Remote sensing estimation and mapping of maize yield in the Huang-Huai-Hai Plain using integrated crop growth models and deep learning

China is the world’s second-largest corn producer, contributing 23% to global production and playing a vital role in stabilizing the global corn supply. Accurate estimation of corn yield is critical for ensuring food security and formulating agricultural policies.
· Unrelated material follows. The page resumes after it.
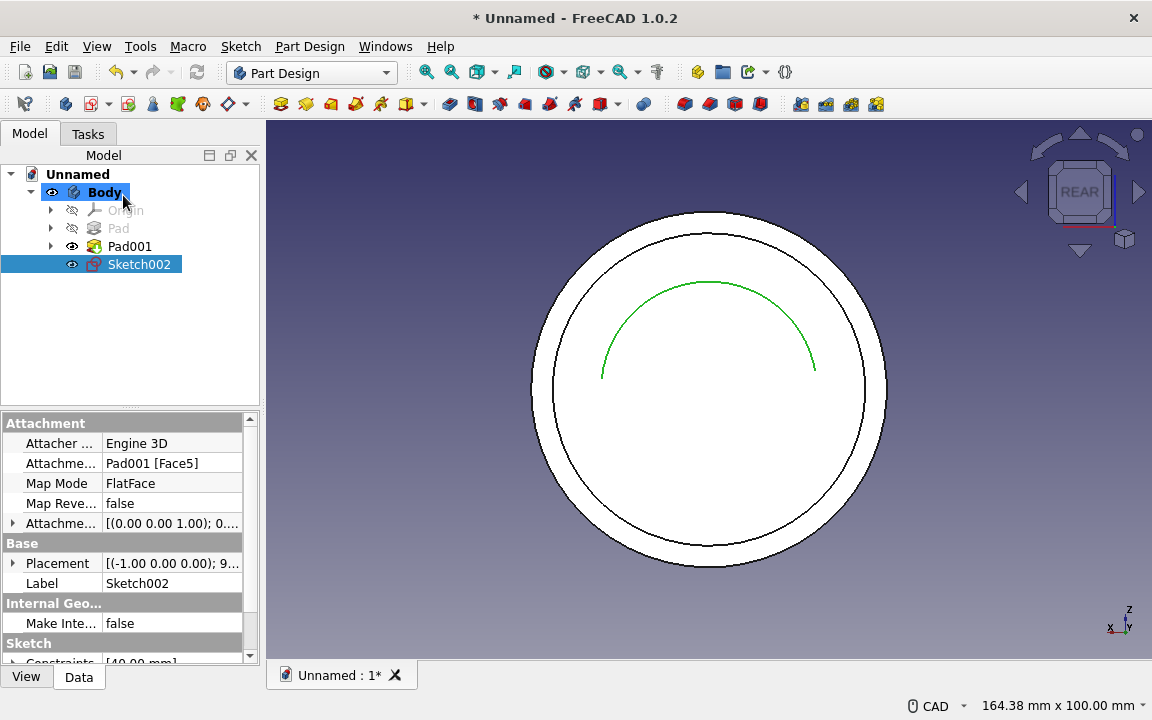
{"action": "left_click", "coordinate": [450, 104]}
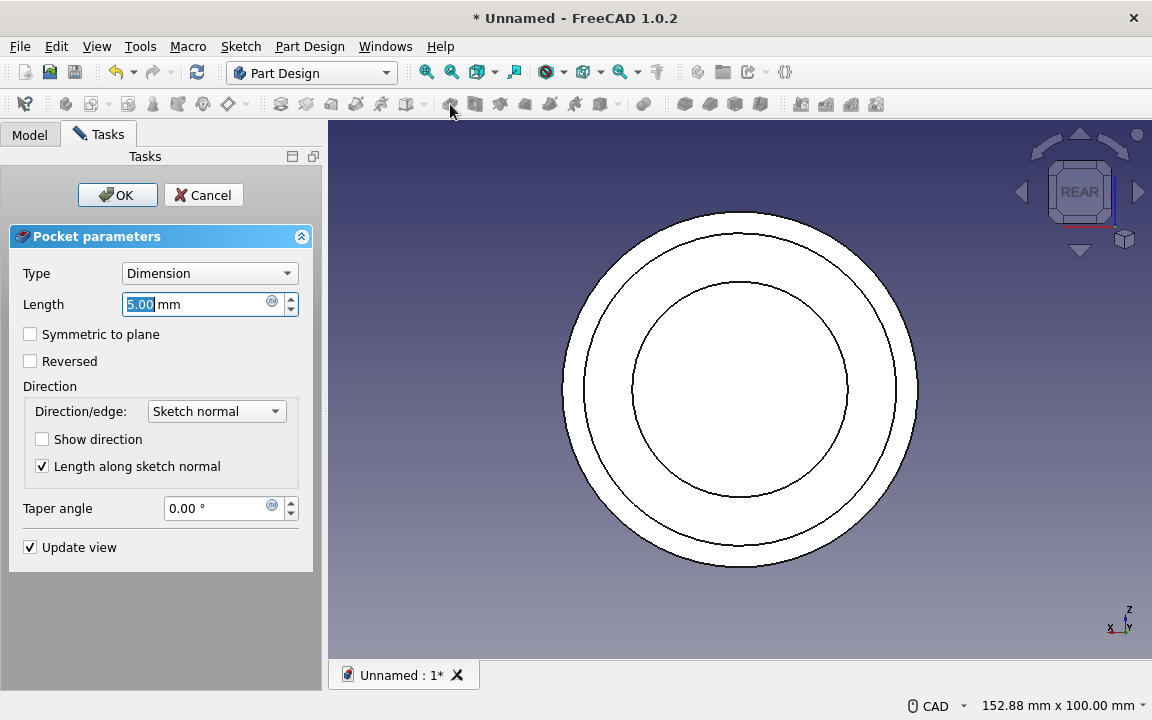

This study combines the World Food Studies (WOFOST) model with deep learning to estimate corn yield and has generated a dataset of corn yield per unit area in the Huang-Huai-Hai Plain from 2014 to 2023. Using the WOFOST model, which incorporates meteorological, soil, crop, and management data, the study provides a dynamic simulation dataset of yield formation processes backed by agronomic mechanisms, addressing the issue of sample scarcity in traditional statistical models. Building on this, the deep learning model GRU (Gated Recurrent Unit) captures nonlinear relationships in time-series data and accounts for the cumulative effects of various growth stages during crop development, improving the accuracy of yield estimation. Subsequently, the initial results are corrected using statistical data to ensure closer alignment with actual conditions. Results demonstrate that the estimated accuracy from 2014 to 2023 exceeds 85% overall, with correlation coefficients (r) ranging from 0.47 to 0.76 and RMSE values ranging from 487 to 1 168 kg·hm⁻². This method performs well even without relying on field survey data, facilitating large-scale mapping of corn yield distribution. By integrating crop models based on growth process simulation with deep learning, the method resolves the issue of sample scarcity, strengthens the role of agronomic knowledge in yield estimation, and provides new insights for crop yield estimation, with the potential to be applied to other crops.